## DATA FOR PROCESSING

=== Section Start ===

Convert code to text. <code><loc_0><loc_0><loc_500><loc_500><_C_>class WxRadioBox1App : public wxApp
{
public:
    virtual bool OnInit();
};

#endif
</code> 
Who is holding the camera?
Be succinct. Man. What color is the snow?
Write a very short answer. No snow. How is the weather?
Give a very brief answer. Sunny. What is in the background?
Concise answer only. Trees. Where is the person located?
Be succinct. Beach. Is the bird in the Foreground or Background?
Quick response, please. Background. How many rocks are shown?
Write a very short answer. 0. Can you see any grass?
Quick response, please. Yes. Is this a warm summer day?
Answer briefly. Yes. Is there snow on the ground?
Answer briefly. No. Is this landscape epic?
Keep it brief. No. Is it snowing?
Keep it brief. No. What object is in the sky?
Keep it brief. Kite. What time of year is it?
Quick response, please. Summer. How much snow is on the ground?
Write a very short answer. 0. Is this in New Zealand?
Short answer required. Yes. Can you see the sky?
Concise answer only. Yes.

=== Section End ===
=== Section Start ===

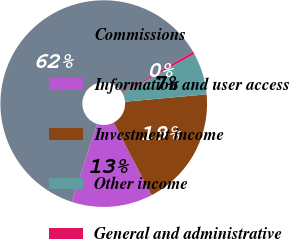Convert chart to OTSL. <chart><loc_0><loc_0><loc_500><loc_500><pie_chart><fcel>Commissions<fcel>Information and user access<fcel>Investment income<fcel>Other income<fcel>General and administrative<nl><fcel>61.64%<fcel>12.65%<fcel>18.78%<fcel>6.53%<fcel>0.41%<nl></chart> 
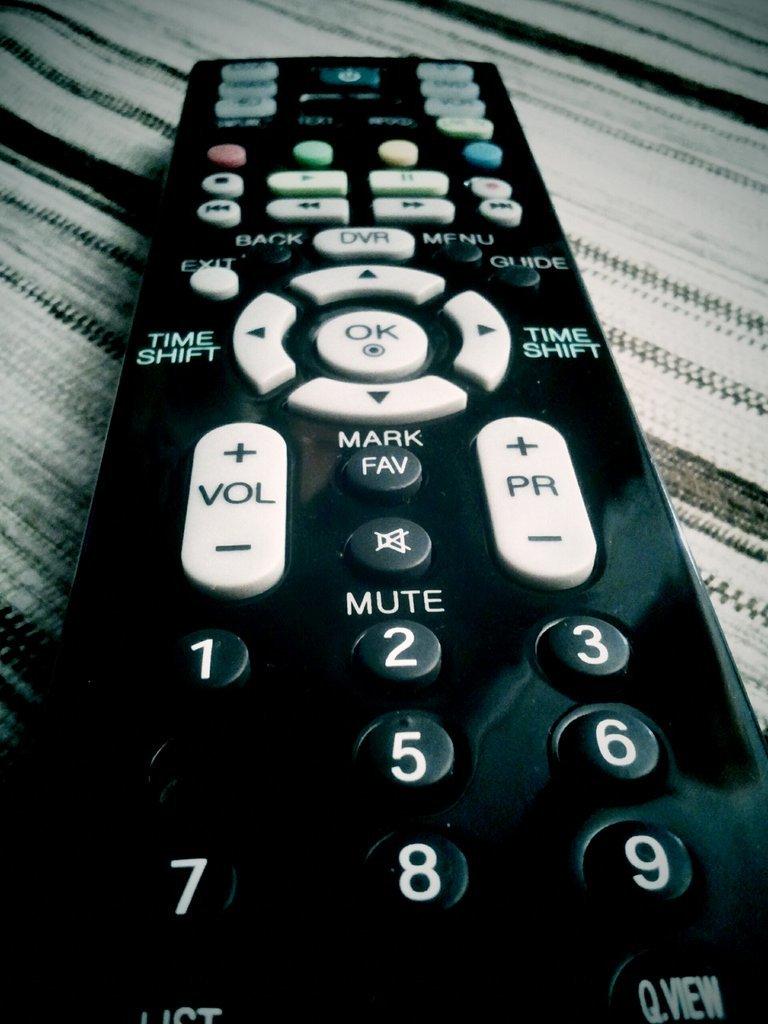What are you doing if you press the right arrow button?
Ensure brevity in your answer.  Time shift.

=== Section End ===

## WHAT TO PRODUCE
The answer is the run of lines above from the line containing "Give a very" through the line containing "Concise answer only. Yes.", copied exactly and alone.

## ANSWER
Give a very brief answer. Sunny. What is in the background?
Concise answer only. Trees. Where is the person located?
Be succinct. Beach. Is the bird in the Foreground or Background?
Quick response, please. Background. How many rocks are shown?
Write a very short answer. 0. Can you see any grass?
Quick response, please. Yes. Is this a warm summer day?
Answer briefly. Yes. Is there snow on the ground?
Answer briefly. No. Is this landscape epic?
Keep it brief. No. Is it snowing?
Keep it brief. No. What object is in the sky?
Keep it brief. Kite. What time of year is it?
Quick response, please. Summer. How much snow is on the ground?
Write a very short answer. 0. Is this in New Zealand?
Short answer required. Yes. Can you see the sky?
Concise answer only. Yes.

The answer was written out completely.